`Tourists, cattle, pigs, film stars and millionaires . . ." This was the late Sean Lemass's predicted passenger list for the Aran Island ferry, Naomh Eanna, when the ship was launched at the Liffey Dockyard in 1957. Now that a new £3 million passenger vessel is set to take up to 271 passengers on to the islands per trip this summer, there must be a few islanders wishing the old "tub" would return.
After all, when the Naomh Eanna, and its predecessor, the Dun Aengus, plied the passage on behalf of CIE, there was little fear of the islands being swamped as they are now with summer visitors. Tourists earned their welcome back then. By the time currachs met them off the vessel with its high freeboard, they would have experienced the best and the worst of the Naomh Eanna's Atlantic roll.
Still, the "melting pot boat", which has been berthed for the best part of the last decade in Dublin's Grand Canal Basin, holds treasured memories for some. Several former crew and island passengers exchanged experiences at O'Connor's hostelry in Salthill, Galway, last week, during a special edition of Sea- scapes, the weekly RTE programme.
Martin Quinn, former clerical officer and liaison for CIE, who is now with Bus Eireann, noted that in 30 years of service, the ship only missed seven scheduled sailings.
He and other contributors recalled how the vessel quickly made its name on one unscheduled outing. In August 1958, three months after it was first introduced, it joined the lifeboat and the Naval Service corvette, Macha, on a search for bodies when a KLM Super Constellation airliner crashed about 65 miles off Slyne Head, with the loss of 99 lives. The distress call had come as the ship was loading for a crossing. Some of the passengers didn't know what a "Mayday" was when informed of the alert, and a few were concerned that they would get their money back.
Eamonn Tobin, former assistant engineer, conceded that the vessel was "a bit top heavy", which would explain its tendency to broach when running before a heavy sea. He recalled how the late Tod Andrews, then CIE chairman, had said he would give the ship to anybody who would run it "for a pound of tea", but there were no takers.

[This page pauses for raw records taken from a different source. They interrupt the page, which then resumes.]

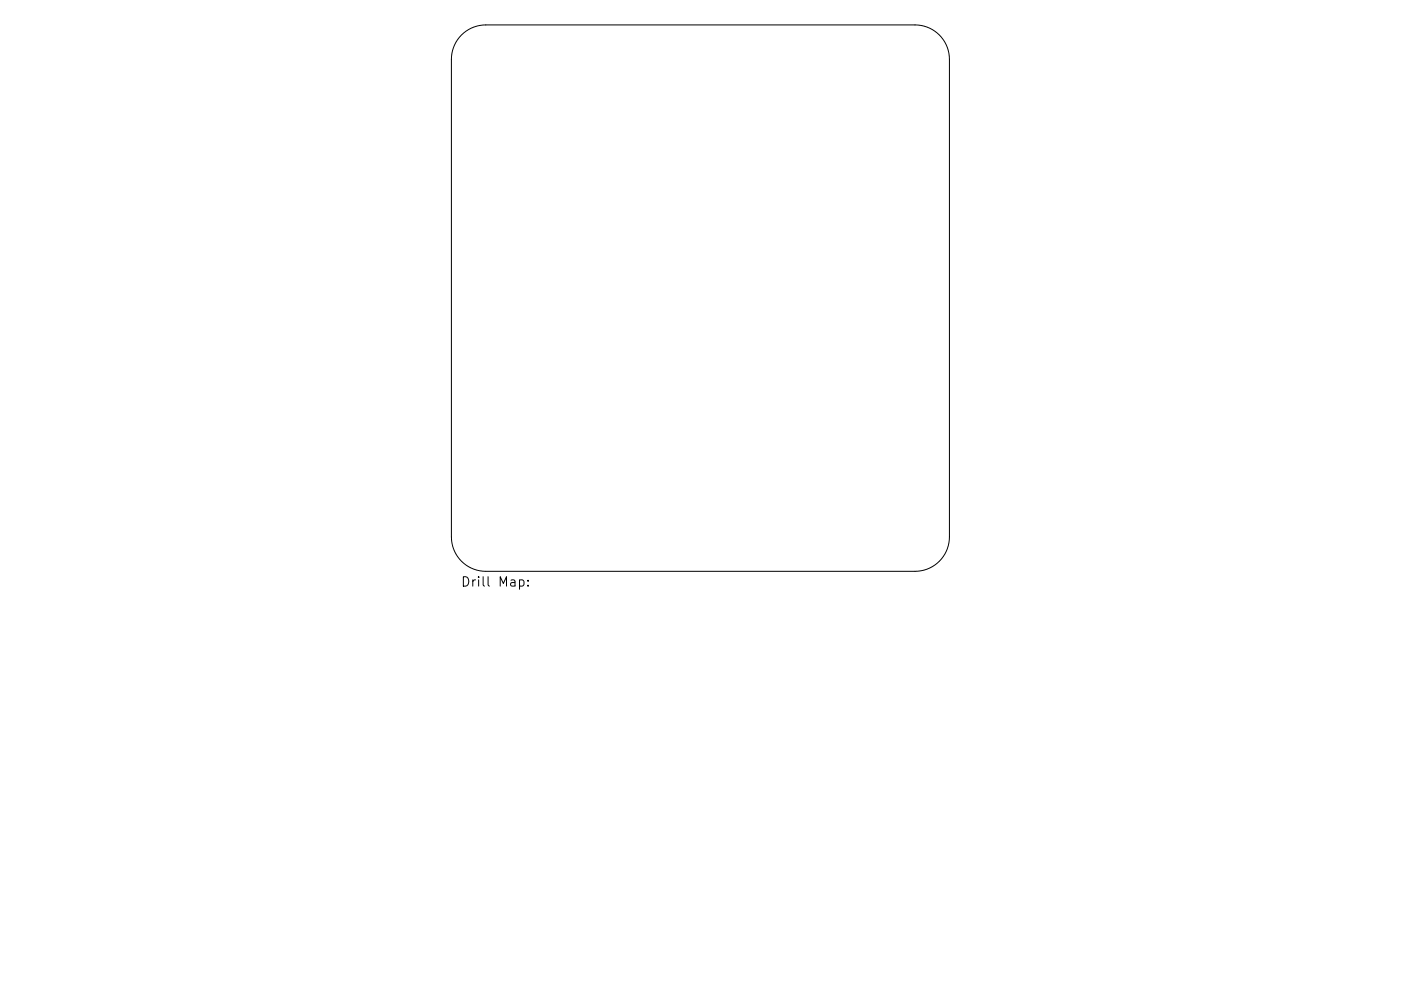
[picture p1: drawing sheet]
<svg xmlns="http://www.w3.org/2000/svg" width="297mm" height="210mm" viewBox="0 0 297 210" stroke-linecap="round" stroke-linejoin="round" font-family="sans-serif">
<defs><g id="words">
<text font-size="2.8" x="97.7" y="124.5">Drill Map:</text>
</g></defs>
<path d="M97.8 7.4a7.3 7.3 0 0 1 5.2-2.1h91a7.3 7.3 0 0 1 7.3 7.3v101.3a7.3 7.3 0 0 1-7.3 7.3h-91a7.3 7.3 0 0 1-7.3-7.3v-101.3a7.3 7.3 0 0 1 2.1-5.2zM110.1 123.1l.6-.1 .4 .4v.6l-.2 .3h-.8M112 124.2v.2M112 123.1v.2" fill="none" stroke="#000" stroke-width=".21"/>
<use href="#words"/>
</svg>

The ship ferried many cattle to and from the islands during its time, and Padraig Coyne, a former cattle jobber, was among those with clear memories of how the animals were off-loaded on slings and swam ashore on Inis Meain and Inis Oirr before both got proper piers.
There was much more from John Reck, deck steward and "captain's tiger", Arthur Pratt, a regular passenger, Christy Fitzgerald, a CIE official who recited a verse, Denis Walsh, now engineer with Island Ferries, Gerry Glynn, Irish Rail district manager, and Bartley Beatty, checker/steward who came out from Arainn for the programme despite the fact that his father had just passed away.